=== Task requirements ===
From the entries below, tally the lines with "fill" in them and reply with that figure only.

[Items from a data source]

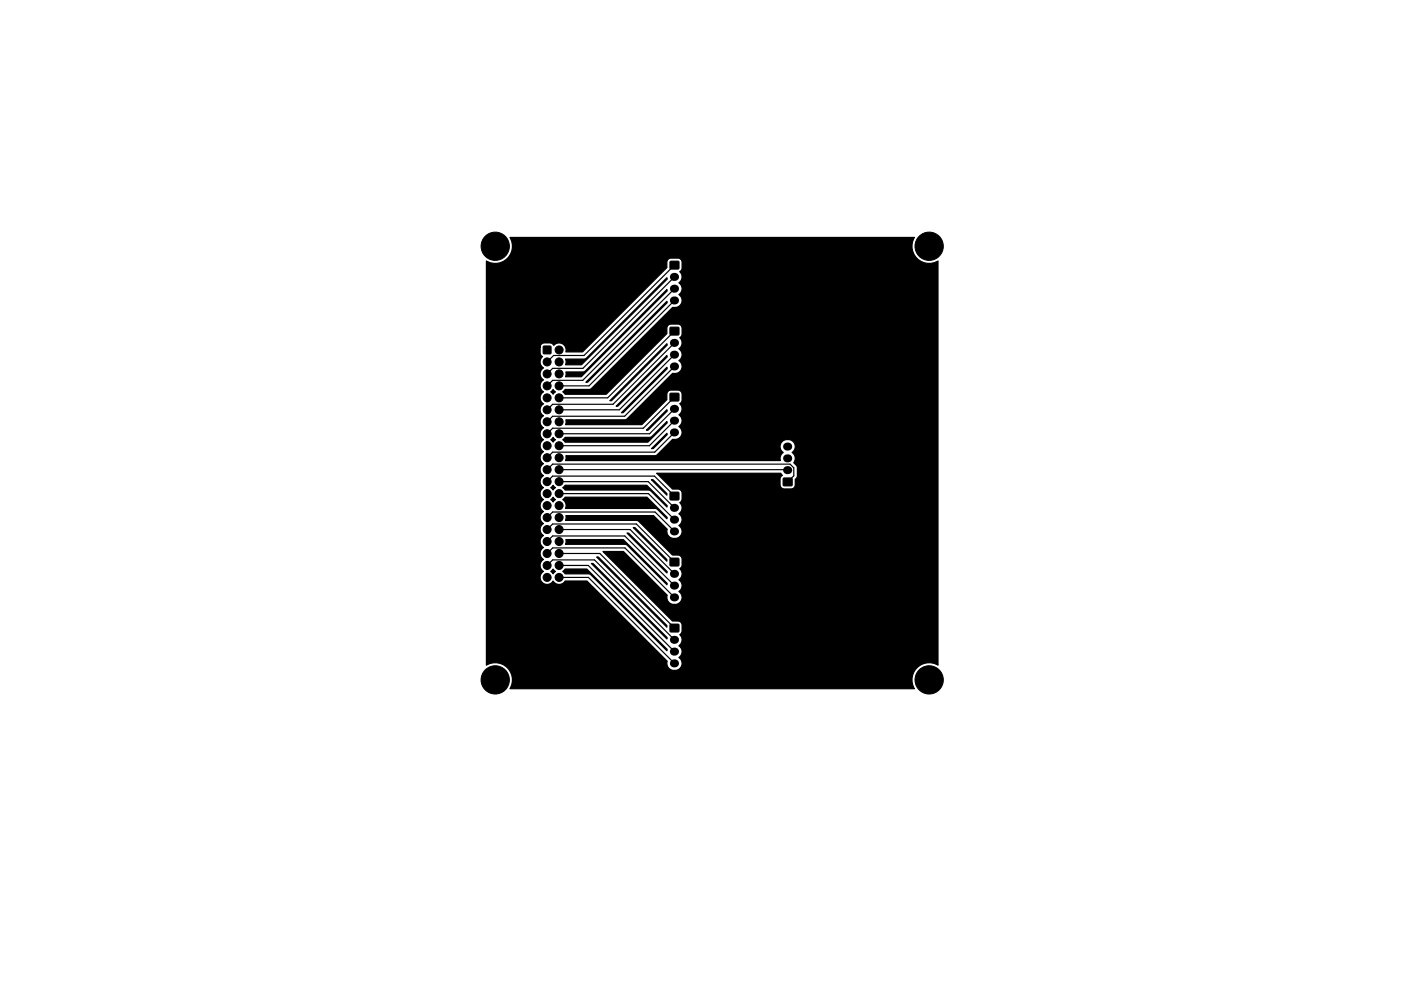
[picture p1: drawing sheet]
<svg xmlns="http://www.w3.org/2000/svg" width="297mm" height="210mm" viewBox="0 0 297 210" stroke-linecap="round" stroke-linejoin="round" font-family="sans-serif">
<g fill="none" stroke="#000" stroke-width="1.7">
<path d="M142.9 58.7h.2M142.9 77.7h.2M142.9 75.2h.2M142.9 72.7h.2M142.9 63.7h.2M142.9 61.2h.2M142.9 91.7h.2M142.9 89.2h.2M142.9 86.7h.2M166.9 94.7h.2M166.9 97.2h.2M166.9 99.7h.2"/>
<path d="M142.9 112.7h.2M142.9 110.2h.2M142.9 107.7h.2M142.9 138.2h.2M142.9 135.7h.2M142.9 126.7h.2M142.9 124.2h.2M142.9 121.7h.2M142.9 140.7h.2"/>
</g>
<g fill="#000" stroke="#000" stroke-width=".21">
<path d="M142.1 55.5h1.8v1.5h-1.8zM115.2 73.5h1.6v1.5h-1.6zM142.1 69.5h1.8v1.5h-1.8zM142.1 83.5h1.8v1.5h-1.8zM142.1 118.5h1.8v1.5h-1.8zM142.1 104.5h1.8v1.5h-1.8zM166.1 101.5h1.8v1.5h-1.8zM142.1 132.5h1.8v1.5h-1.8z"/>
<circle cx="105" cy="52.2" r="3"/>
<circle cx="197" cy="52.2" r="3"/>
<circle cx="116" cy="76.8" r=".85"/>
<circle cx="116" cy="79.3" r=".85"/>
<circle cx="118.5" cy="79.3" r=".85"/>
<circle cx="118.5" cy="74.2" r=".85"/>
<circle cx="118.5" cy="76.8" r=".85"/>
<circle cx="116" cy="97.1" r=".85"/>
<circle cx="116" cy="84.4" r=".85"/>
<circle cx="116" cy="81.9" r=".85"/>
<circle cx="116" cy="99.6" r=".85"/>
<circle cx="116" cy="89.5" r=".85"/>
<circle cx="116" cy="86.9" r=".85"/>
<circle cx="116" cy="94.6" r=".85"/>
<circle cx="116" cy="92" r=".85"/>
<circle cx="118.5" cy="94.6" r=".85"/>
<circle cx="118.5" cy="92" r=".85"/>
<circle cx="118.5" cy="86.9" r=".85"/>
<circle cx="118.5" cy="84.4" r=".85"/>
<circle cx="118.5" cy="81.9" r=".85"/>
<circle cx="118.5" cy="97.1" r=".85"/>
<circle cx="118.5" cy="99.6" r=".85"/>
<circle cx="118.5" cy="89.5" r=".85"/>
<circle cx="116" cy="114.9" r=".85"/>
<circle cx="116" cy="107.3" r=".85"/>
<circle cx="116" cy="112.3" r=".85"/>
<circle cx="116" cy="120" r=".85"/>
<circle cx="116" cy="117.4" r=".85"/>
<circle cx="116" cy="109.8" r=".85"/>
<circle cx="116" cy="104.7" r=".85"/>
<circle cx="116" cy="102.2" r=".85"/>
<circle cx="118.5" cy="114.9" r=".85"/>
<circle cx="118.5" cy="107.3" r=".85"/>
<circle cx="118.5" cy="102.2" r=".85"/>
<circle cx="118.5" cy="120" r=".85"/>
<circle cx="118.5" cy="117.4" r=".85"/>
<circle cx="118.5" cy="104.7" r=".85"/>
<circle cx="118.5" cy="109.8" r=".85"/>
<circle cx="118.5" cy="112.3" r=".85"/>
<circle cx="116" cy="122.5" r=".85"/>
<circle cx="118.5" cy="122.5" r=".85"/>
<circle cx="105" cy="144.2" r="3"/>
<circle cx="197" cy="144.2" r="3"/>
</g>
<g fill="none" stroke="#000" stroke-width=".25">
<path d="M143 58.7l-19.4 19.5h-6.4l-1.2 1.1M143 56.2l-19.2 19.2h-6.4l-1.4 1.4M143 77.7l-10.6 10.6h-15.2l-1.2 1.2M143 75.2l-11.7 11.7h-12.8M143 72.7l-13 13.1h-12.8l-1.2 1.1M143 70.2l-14.2 14.2h-10.3M143 63.7l-18.1 18.2h-6.4M143 61.2l-19.4 19.5h-6.4l-1.2 1.2M116 99.6l1.2-1.1h50.3l.8 .8v1.6l-1.3 1.3M118.5 99.6l48.5 .1M143 91.7l-4.2 4.2h-21.6l-1.2 1.2M143 89.2l-5.3 5.4h-19.2"/>
<path d="M143 86.7l-5.3 5.3h-19.2M143 84.2l-6.6 6.7h-19.2l-1.2 1.1M116 120l1.2-1.2h8.8l17 16.9M116 117.4l1.2-1.2h15.3l10.5 10.5M116 114.9l1.2-1.2h15.3l10.5 10.5M116 112.3l1.2-1.1h17.7l8.1 8M116 109.8l1.2-1.2h21.7l4.1 4.1M116 102.2l1.2-1.2h21.6l4.2 4.2M118.5 120h6.2l18.3 18.2M118.5 117.4h8.7l15.8 15.8M118.5 112.3h15.1l9.4 9.4M118.5 104.7h19l5.5 5.5"/>
<path d="M118.5 102.2h18.9l5.6 5.5M118.5 122.5h6.3l18.2 18.2"/>
</g>
<g fill="#000" stroke="#000" stroke-width=".25">
<path d="M119.9 76.2h3.9l.4-.1 17.2-17.2 .1 .3-18.2 18.2h-3.4l.1-.5zM108.1 50.4h85.8l-.1 .1a3.6 3.6 0 0 0 .7 4.4 3.6 3.6 0 0 0 4.4 .5v85.7l-.2-.1a3.6 3.6 0 0 0-4.3 .7 3.6 3.6 0 0 0-.5 4.4h-85.8l.1-.1a3.6 3.6 0 0 0-.7-4.4 3.6 3.6 0 0 0-4.4-.5v-67.5h11.4v1.4l.5 .7-.2 .1a1.48 1.48 0 0 0 .4 2.3 1.48 1.48 0 0 0 0 2.5 1.48 1.48 0 0 0 0 2.5 1.48 1.48 0 0 0 0 2.6 1.48 1.48 0 0 0 0 2.5 1.48 1.48 0 0 0 0 2.6 1.48 1.48 0 0 0 0 2.5 1.48 1.48 0 0 0 0 2.5 1.48 1.48 0 0 0 0 2.6 1.48 1.48 0 0 0 0 2.5 1.48 1.48 0 0 0 0 2.6 1.48 1.48 0 0 0 0 2.5 1.48 1.48 0 0 0 0 2.5 1.48 1.48 0 0 0 0 2.6 1.48 1.48 0 0 0 0 2.5 1.48 1.48 0 0 0 0 2.6 1.48 1.48 0 0 0 0 2.5 1.48 1.48 0 0 0 0 2.5 1.49 1.49 0 0 0-.3 2.4 1.49 1.49 0 0 0 2.4-.3 1.48 1.48 0 0 0 2.5 0h4.6l17.1 17a1.56 1.56 0 0 0 1.9 1.9 1.56 1.56 0 0 0 .5-2.7 1.49 1.49 0 0 0 0-2.5 1.48 1.48 0 0 0 .2-2.4l.4-.3 .1-.5v-1.3l-.2-.5-.5-.2h-1.3l-14.8-14.8h4.4l9.3 9.3-.1 .2a1.57 1.57 0 0 0 2.1 1.7 1.57 1.57 0 0 0 .4-2.7 1.49 1.49 0 0 0 0-2.5 1.48 1.48 0 0 0 .2-2.4l.4-.3 .1-.5v-1.3l-.2-.5-.5-.2h-1.3l-7.4-7.3-15.3-.1 .1-1h18.6l2.9 2.9-.1 .2a1.57 1.57 0 0 0 2.1 1.7 1.57 1.57 0 0 0 .4-2.7 1.49 1.49 0 0 0 0-2.5 1.48 1.48 0 0 0 .2-2.4l.5-.6v-1.4l-.1-.4-.6-.4h-1.3l-3.4-3.4h26.3l.4 .5-.5 .6v1.3a.89 .89 0 0 0 .9 .9h1.6l.6-.5 .1-1.5 .4-.6 .1-1.8-.2-.5-.6-.6 .1-.1a1.49 1.49 0 0 0-.5-2.1 1.53 1.53 0 0 0 .2-2.3 1.53 1.53 0 0 0-2.2 0 1.53 1.53 0 0 0 .2 2.3 1.47 1.47 0 0 0-.6 1.7h-45.6l.1-1h19l.4-.2 3.2-3.3a1.53 1.53 0 0 0 1.9-.8 1.53 1.53 0 0 0-.6-1.9 1.49 1.49 0 0 0 0-2.5 1.48 1.48 0 0 0 .2-2.4l.5-.6v-1.4l-.1-.4-.6-.4h-1.6a.89 .89 0 0 0-.9 .8v1.2l-5.3 5.3h-16.2l.1-1 12.7-.1 9.9-9.8a1.53 1.53 0 0 0 1.9-.8 1.53 1.53 0 0 0-.6-1.9 1.49 1.49 0 0 0 0-2.5 1.48 1.48 0 0 0 .2-2.4l.5-.6v-1.4l-.1-.4-.6-.4h-1.6a.89 .89 0 0 0-.9 .8v1.2l-12.9 12.8h-8.7l-.5-.5 .5-.5h5.1l.4-.1 17.3-17.3h.2a1.51 1.51 0 0 0 1.7-.9 1.51 1.51 0 0 0-.6-1.8 1.49 1.49 0 0 0 0-2.5 1.48 1.48 0 0 0 .2-2.4l.5-.6v-1.4l-.1-.4-.6-.4h-1.6a.89 .89 0 0 0-.9 .8v1.2l-17.9 17.9h-3.5v-.3a1.49 1.49 0 0 0-.9-1.5 1.49 1.49 0 0 0-1.7 .4l-.6-.5h-1.4l-.6 .2-.3 .6h-11.4v-18.2l.2 .1a3.6 3.6 0 0 0 4.3-.7 3.6 3.6 0 0 0 .5-4.4zM131.8 87.6l9.6-9.7 .1 .3-9.4 9.4zM130.6 86.2l10.8-10.8 .1 .3-10.5 10.5zM129.3 85l12.1-12.1 .1 .3-11.8 11.8zM124.2 81.1l17.2-17.2 .1 .3-16.9 16.9zM120 78.9h3.6l.4-.1 17.4-17.4 .1 .3-18.3 18.2h-3.3zM117.3 92.8l.5 .5-.5 .5-.5-.5zM116.8 83.1l.5-.5 .5 .5-.5 .5zM138.1 95.2l3.3-3.3 .1 .3-3 3zM119.8 92.8h18.1l.4-.2 3.1-3.2 .1 .3-4.1 4.1h-17.6l-.5-.5zM141.4 86.9l.1 .3-4.1 4.1h-.3z"/>
<path d="M116.8 106l.5-.5 .5 .5-.5 .5zM117.3 103l.5 .5-.5 .5-.5-.5zM134.3 111.9h.3l6.8 6.8v.4zM138.1 101.8h.4l2.9 2.9v.4zM119.8 105.5h17.4l4.3 4.3-.1 .3-2-2-.5-.2h-19a1.47 1.47 0 0 0-.6-1.9zM119.8 102.9h17.3l4.4 4.4-.1 .3-3.4-3.4-.4-.2h-17.8l-.5-.5zM117.3 120.7l.5 .5-.5 .5-.5-.5zM126.5 118.2h.4l14.5 14.5v.4zM119.8 120.7h4.6l17.1 17.1-.1 .3-16.2-16.2-.4-.2h-5l-.5-.5zM125.4 119.6h.3l15.8 15.7-.1 .3zM120 114.5h12.2l9.3 9.3-.1 .3-8.6-8.6h-12.9zM132.9 113.1h.4l8.2 8.2-.1 .3z"/>
</g>
</svg>

=== Answer to this exercise ===
4